The Quarto template for this assignment may be found in the repository at the following link: https://classroom.github.com/a/eN5J9VbD

Sleep apnea is a common sleep disorder characterized by repeated episodes of shallow or stoppage of breathing during sleep. Because of the disruption to sleeping, in severe cases, sleep apnea may lead to a reduction in blood oxygen saturation, which can be potentially serious. A quantity that physicians care about is whether oxygen saturation is below 90%. The “sleeptime” variable specifically measures the percentage of time spent while sleeping when this was the case.

Turan et al. (Anesthesiology, 2015) conducted a study examining physiological characteristics among patients who underwent bariatric (weight-loss) surgery who results available from a comprehensive sleep study at a major medical center.

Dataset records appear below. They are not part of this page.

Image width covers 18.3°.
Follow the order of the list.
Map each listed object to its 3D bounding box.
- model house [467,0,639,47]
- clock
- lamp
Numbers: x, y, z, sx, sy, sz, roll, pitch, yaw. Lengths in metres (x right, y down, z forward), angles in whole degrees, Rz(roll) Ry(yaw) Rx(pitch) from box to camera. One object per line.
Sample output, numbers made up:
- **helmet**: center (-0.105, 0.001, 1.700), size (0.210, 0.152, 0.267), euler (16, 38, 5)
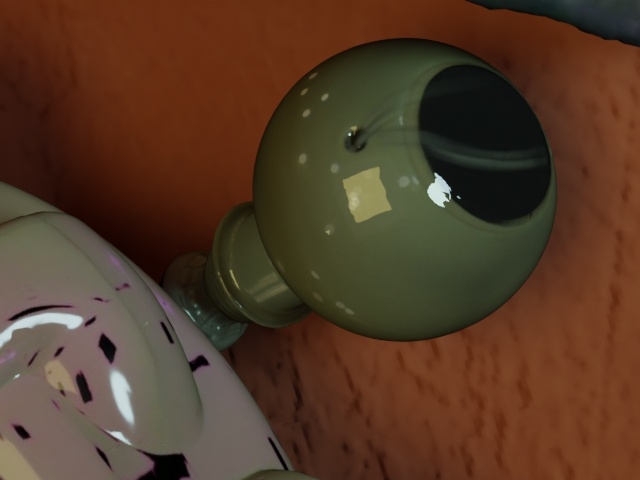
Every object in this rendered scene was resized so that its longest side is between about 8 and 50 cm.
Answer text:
- **model house**: center (0.073, -0.248, 0.512), size (0.271, 0.190, 0.301), euler (-47, 56, 31)
- **clock**: center (-0.129, 0.108, 0.671), size (0.309, 0.114, 0.284), euler (38, 124, 22)
- **lamp**: center (0.000, 0.000, 0.624), size (0.163, 0.091, 0.091), euler (-31, 79, 46)
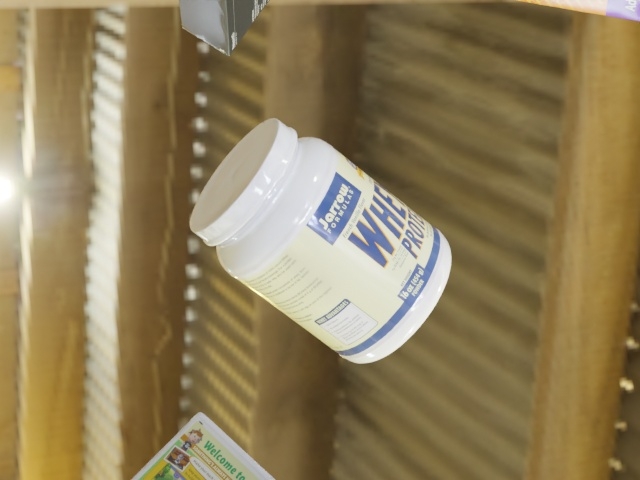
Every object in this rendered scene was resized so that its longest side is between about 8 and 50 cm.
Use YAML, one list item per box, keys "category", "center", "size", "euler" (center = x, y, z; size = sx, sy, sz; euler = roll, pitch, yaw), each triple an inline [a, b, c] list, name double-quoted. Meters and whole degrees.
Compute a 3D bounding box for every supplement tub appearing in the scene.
- category: "supplement tub"
  center: [0.000, 0.000, 2.101]
  size: [0.235, 0.325, 0.235]
  euler: [-45, -159, 22]

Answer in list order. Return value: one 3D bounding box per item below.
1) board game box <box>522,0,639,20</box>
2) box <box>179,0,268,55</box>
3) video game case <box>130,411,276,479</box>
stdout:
- category: "board game box"
  center: [0.203, -0.491, 1.458]
  size: [0.356, 0.356, 0.357]
  euler: [80, 25, -61]
- category: "box"
  center: [-0.136, -0.434, 2.306]
  size: [0.184, 0.103, 0.261]
  euler: [-58, 172, -17]
- category: "video game case"
  center: [-0.108, 0.272, 1.248]
  size: [0.212, 0.193, 0.023]
  euler: [36, -14, 40]

The variables are as follows:

The overall goal is to predict sleeptime (the percentage of time spent under 90% arterial oxygen saturation) using the other variables in the dataset.

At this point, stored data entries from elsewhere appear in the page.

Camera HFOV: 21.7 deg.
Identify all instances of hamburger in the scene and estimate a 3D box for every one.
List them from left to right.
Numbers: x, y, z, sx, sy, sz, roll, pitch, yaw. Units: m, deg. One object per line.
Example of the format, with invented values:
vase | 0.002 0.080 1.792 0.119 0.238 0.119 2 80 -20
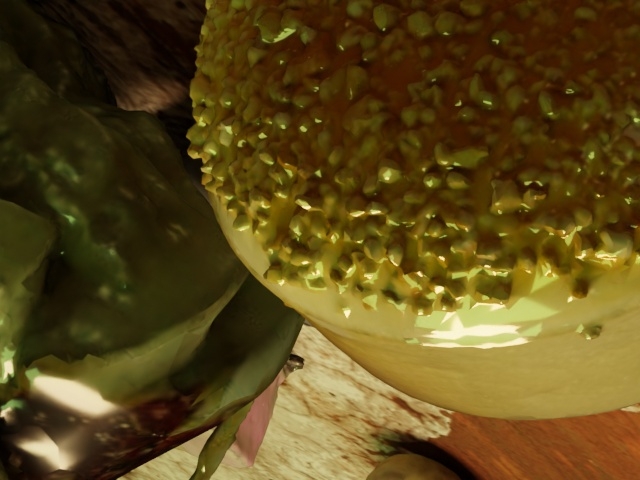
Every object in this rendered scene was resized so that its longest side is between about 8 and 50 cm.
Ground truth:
hamburger | 0.085 -0.070 0.693 0.302 0.302 0.170 10 144 31

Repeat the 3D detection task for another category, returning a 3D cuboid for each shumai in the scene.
shumai | -0.177 0.025 1.015 0.348 0.395 0.395 21 155 22

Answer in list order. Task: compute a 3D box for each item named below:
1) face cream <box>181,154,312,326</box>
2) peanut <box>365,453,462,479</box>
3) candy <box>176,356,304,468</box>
face cream | 0.000 0.000 1.150 0.235 0.137 0.420 36 164 -24
peanut | 0.128 0.285 1.538 0.256 0.123 0.123 35 153 -27
candy | -0.165 0.091 1.444 0.265 0.116 0.155 13 154 30
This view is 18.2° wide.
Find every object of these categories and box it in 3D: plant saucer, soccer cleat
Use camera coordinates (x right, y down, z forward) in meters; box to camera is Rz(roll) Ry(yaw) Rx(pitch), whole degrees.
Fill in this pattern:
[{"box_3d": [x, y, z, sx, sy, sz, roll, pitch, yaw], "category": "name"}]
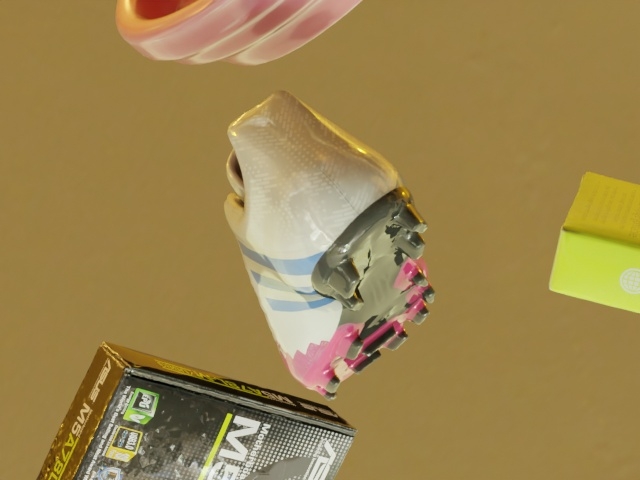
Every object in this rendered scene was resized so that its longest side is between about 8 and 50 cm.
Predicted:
[{"box_3d": [-0.003, -0.242, 1.393, 0.084, 0.332, 0.332, 41, -125, -23], "category": "plant saucer"}, {"box_3d": [0.000, 0.000, 1.349, 0.116, 0.331, 0.143, -39, -105, -14], "category": "soccer cleat"}]

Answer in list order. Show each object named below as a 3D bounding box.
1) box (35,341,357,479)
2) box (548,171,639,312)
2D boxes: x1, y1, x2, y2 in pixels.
[{"box_3d": [-0.092, 0.171, 1.210, 0.184, 0.045, 0.190, 21, -81, -37], "category": "box"}, {"box_3d": [0.222, 0.014, 1.098, 0.178, 0.042, 0.109, 14, -159, 9], "category": "box"}]

  1. Consider all predictors available in the dataset. Use all-subset selection utilizing \(C_p\) as the selection criterion to arrive at a “best” model. What variables ended up being included in your model? Do not consider any transformations or interaction terms in this analysis.
  2. Consider all predictors available in the dataset. Use stepwise selection utilizing \(AIC\) as the selection criterion to arrive at a “best” model (include results for forward selection, backward elimination, and stepwise in both directions). What variables ended up being included in your model? Do not consider any transformations or interaction terms in this analysis.
  3. Consider all predictors available in the dataset. Use LASSO to arrive at a “best” model, utilizing the lambda that gives the lowest mean MSE from a 10-fold cross-validation procedure aimed at evaluating lambda. What variables ended up being included in your model? Do not consider any transformations or interaction terms in this analysis.
  4. Choose a categorical predictor and a continuous predictor that was present in all models above (hint: there should be at least one of each). Interpret the coefficient estimates for both of them as provided by your “final” model as determined by backward elimination and as provided by LASSO. Provide two reasons why the estimates from the two models are different.
  5. Consider the model that uses all predictors (no transformations or interactions). What is the average root mean square error in test sets from a 10-fold cross-validation procedure? Compare this to the same quantity from the model chosen by backward elimination (using AIC). Which is higher? In the beginning of the R chunk used to evaluate this question, set a random seed of 919 as follows: set.seed(919).
  6. Suppose a collaborator was interested in the relationship between BMI and expected reading percentage of time spent under 90% arterial oxygen saturation and wanted to adjust for potential confounders. After reading Lin, Davidson, and Ancoli-Israel (2008), which notes that “number of population based studies have shown that obstructive sleep apnea is more common in men than in women and this discrepancy is often evident in the clinical setting” and explores “pathophysiological differences to suggest why men are more prone to [sleep apnea] than women,” they particularly want to explore such relationships adjusting for sex. Explain what implications using any of your models from Exercises 1 - 3 might have scientifically in light of this proposed analysis.